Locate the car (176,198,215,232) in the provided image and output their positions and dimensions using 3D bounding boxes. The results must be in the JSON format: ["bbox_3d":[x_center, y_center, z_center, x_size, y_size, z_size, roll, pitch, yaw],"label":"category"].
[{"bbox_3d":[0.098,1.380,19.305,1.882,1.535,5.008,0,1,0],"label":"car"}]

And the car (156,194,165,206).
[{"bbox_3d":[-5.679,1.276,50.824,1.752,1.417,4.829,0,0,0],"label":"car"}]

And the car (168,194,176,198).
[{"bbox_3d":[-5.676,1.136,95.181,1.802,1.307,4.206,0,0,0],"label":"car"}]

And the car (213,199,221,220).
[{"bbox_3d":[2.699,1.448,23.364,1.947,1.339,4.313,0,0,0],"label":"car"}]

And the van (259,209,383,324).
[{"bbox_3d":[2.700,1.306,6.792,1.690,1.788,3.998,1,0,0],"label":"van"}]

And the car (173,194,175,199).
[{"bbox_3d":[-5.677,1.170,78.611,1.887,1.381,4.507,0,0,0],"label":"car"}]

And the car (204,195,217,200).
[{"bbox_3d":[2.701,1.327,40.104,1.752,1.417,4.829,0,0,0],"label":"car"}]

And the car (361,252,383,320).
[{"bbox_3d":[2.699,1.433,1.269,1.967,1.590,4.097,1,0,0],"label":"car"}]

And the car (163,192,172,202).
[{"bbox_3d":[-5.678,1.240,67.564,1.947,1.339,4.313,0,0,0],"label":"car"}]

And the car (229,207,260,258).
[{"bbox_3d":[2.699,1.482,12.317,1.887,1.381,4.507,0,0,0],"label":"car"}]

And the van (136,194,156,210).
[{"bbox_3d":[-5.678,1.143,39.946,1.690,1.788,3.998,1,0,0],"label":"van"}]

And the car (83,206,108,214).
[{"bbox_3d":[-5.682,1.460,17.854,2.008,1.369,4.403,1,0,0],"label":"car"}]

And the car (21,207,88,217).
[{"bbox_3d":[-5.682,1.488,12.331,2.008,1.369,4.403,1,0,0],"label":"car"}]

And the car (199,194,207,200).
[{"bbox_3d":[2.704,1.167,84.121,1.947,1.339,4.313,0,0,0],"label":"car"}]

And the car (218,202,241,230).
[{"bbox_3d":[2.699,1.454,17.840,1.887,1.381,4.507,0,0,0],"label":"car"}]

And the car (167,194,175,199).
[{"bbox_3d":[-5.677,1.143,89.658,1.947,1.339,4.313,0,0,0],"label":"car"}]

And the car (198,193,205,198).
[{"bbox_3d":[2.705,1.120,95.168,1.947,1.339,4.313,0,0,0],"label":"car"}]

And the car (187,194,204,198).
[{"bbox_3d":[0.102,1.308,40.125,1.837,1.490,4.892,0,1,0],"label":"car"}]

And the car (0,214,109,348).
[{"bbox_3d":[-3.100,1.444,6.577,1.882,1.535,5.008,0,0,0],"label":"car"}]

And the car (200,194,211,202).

━━━━━━━━

### EXERCISE AIM
Retype the records exactly.

### RESPONSE TO THIS EXERCISE
Locate the car (176,198,215,232) in the provided image and output their positions and dimensions using 3D bounding boxes. The results must be in the JSON format: ["bbox_3d":[x_center, y_center, z_center, x_size, y_size, z_size, roll, pitch, yaw],"label":"category"].
[{"bbox_3d":[0.098,1.380,19.305,1.882,1.535,5.008,0,1,0],"label":"car"}]

And the car (156,194,165,206).
[{"bbox_3d":[-5.679,1.276,50.824,1.752,1.417,4.829,0,0,0],"label":"car"}]

And the car (168,194,176,198).
[{"bbox_3d":[-5.676,1.136,95.181,1.802,1.307,4.206,0,0,0],"label":"car"}]

And the car (213,199,221,220).
[{"bbox_3d":[2.699,1.448,23.364,1.947,1.339,4.313,0,0,0],"label":"car"}]

And the van (259,209,383,324).
[{"bbox_3d":[2.700,1.306,6.792,1.690,1.788,3.998,1,0,0],"label":"van"}]

And the car (173,194,175,199).
[{"bbox_3d":[-5.677,1.170,78.611,1.887,1.381,4.507,0,0,0],"label":"car"}]

And the car (204,195,217,200).
[{"bbox_3d":[2.701,1.327,40.104,1.752,1.417,4.829,0,0,0],"label":"car"}]

And the car (361,252,383,320).
[{"bbox_3d":[2.699,1.433,1.269,1.967,1.590,4.097,1,0,0],"label":"car"}]

And the car (163,192,172,202).
[{"bbox_3d":[-5.678,1.240,67.564,1.947,1.339,4.313,0,0,0],"label":"car"}]

And the car (229,207,260,258).
[{"bbox_3d":[2.699,1.482,12.317,1.887,1.381,4.507,0,0,0],"label":"car"}]

And the van (136,194,156,210).
[{"bbox_3d":[-5.678,1.143,39.946,1.690,1.788,3.998,1,0,0],"label":"van"}]

And the car (83,206,108,214).
[{"bbox_3d":[-5.682,1.460,17.854,2.008,1.369,4.403,1,0,0],"label":"car"}]

And the car (21,207,88,217).
[{"bbox_3d":[-5.682,1.488,12.331,2.008,1.369,4.403,1,0,0],"label":"car"}]

And the car (199,194,207,200).
[{"bbox_3d":[2.704,1.167,84.121,1.947,1.339,4.313,0,0,0],"label":"car"}]

And the car (218,202,241,230).
[{"bbox_3d":[2.699,1.454,17.840,1.887,1.381,4.507,0,0,0],"label":"car"}]

And the car (167,194,175,199).
[{"bbox_3d":[-5.677,1.143,89.658,1.947,1.339,4.313,0,0,0],"label":"car"}]

And the car (198,193,205,198).
[{"bbox_3d":[2.705,1.120,95.168,1.947,1.339,4.313,0,0,0],"label":"car"}]

And the car (187,194,204,198).
[{"bbox_3d":[0.102,1.308,40.125,1.837,1.490,4.892,0,1,0],"label":"car"}]

And the car (0,214,109,348).
[{"bbox_3d":[-3.100,1.444,6.577,1.882,1.535,5.008,0,0,0],"label":"car"}]

And the car (200,194,211,202).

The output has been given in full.